Unemployment continued to run at 4.1% in February, for the fifth month in a row. After almost nine years of supposed recovery, 4.1% doesn’t speak to a strong job market. But 4.1% is only the official rate. If all the people who have been discarded from employment were actually counted, the level of unemployment could measure about 22%, that is, more than five times as high as the official figure. (Figures that diverge from official ones come from calculations that appear on the Shadowstats website. This is not to say that Shadowstats should be considered the final word, but we use it as a reference because it consistently shows the tendency of what has been happening to the working class, the reality that government statistics have long been, and increasingly are, doctored to hide.)
People who question the 22% figure should look at the percentage of civilian adults without a job today—which is about 40%. Certainly, as many as half that number may be unable to work for one reason or another, including age. But that could leave 20% or so without a job, not 4%. This is just another way of saying that the official unemployment figures have little relationship to the reality workers face today, trying to sell their labor power in the “job market.”

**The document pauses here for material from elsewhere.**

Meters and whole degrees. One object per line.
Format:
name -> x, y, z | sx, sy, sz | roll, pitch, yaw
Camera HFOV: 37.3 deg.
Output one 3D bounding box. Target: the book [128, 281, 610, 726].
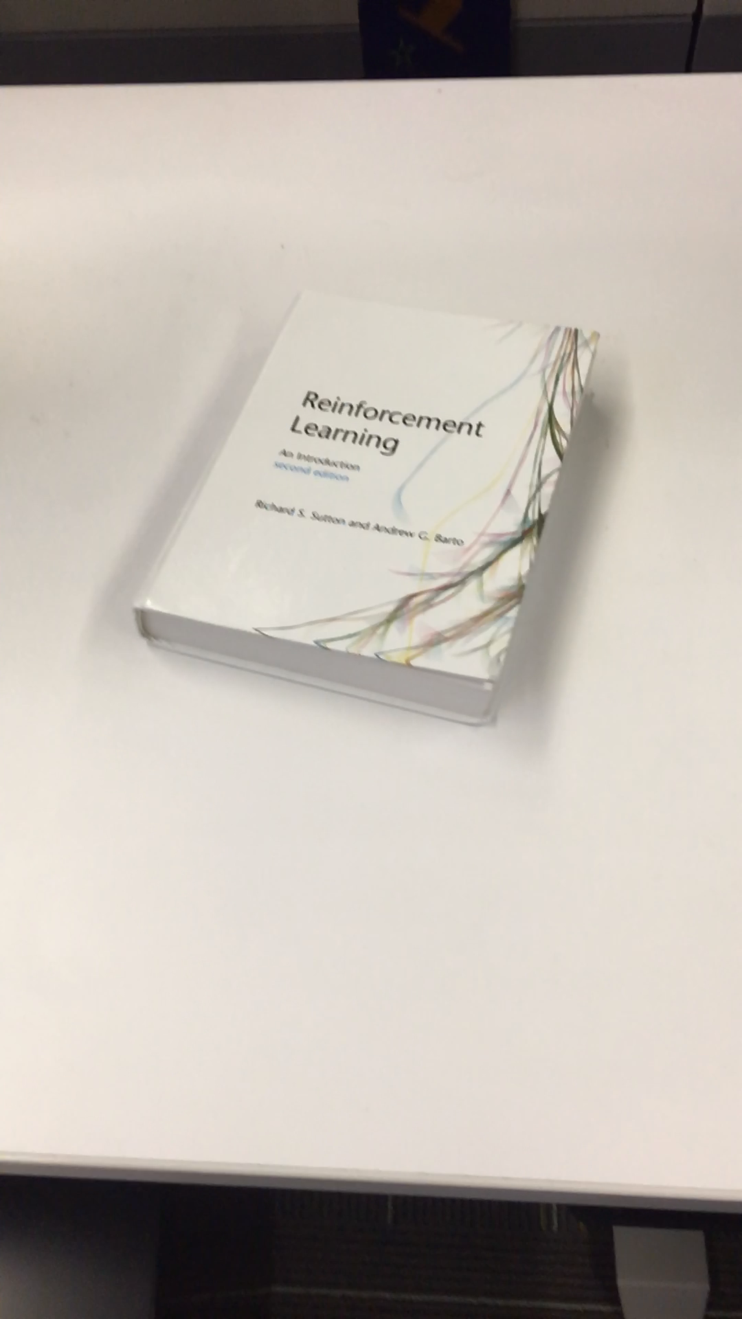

Increasing numbers of those the government characterizes as employed are in precarious jobs: part-time and temporary workers, contract or “self-employed” workers like Uber drivers, and even “on-call” workers—that is, available to work when an employer decides they are needed, what used to be called the “shape-up” during the 1930s. No industry is immune from these “flexible” practices. Even the automobile industry increasingly puts its new hires into temporary or part-time positions, and employs multitudes of subcontractors, even inside the main plants—subcontractors who use all the same practices, often more extensively.
In 2015, almost 15.8% of all Americans worked in “temporary or unsteady” work, a rapid increase from the 10.7% just ten years earlier. This was the conclusion of a study done by Lawrence Katz and Alan Krueger (who chaired Obama’s Council of Economic Advisers). Furthermore, 94% of the net job growth during those years came in this so-called “alternative” work. The cold statistics simply reflect the cold reality that many young workers are discovering. In search of a job, they find, instead, instability and insecurity.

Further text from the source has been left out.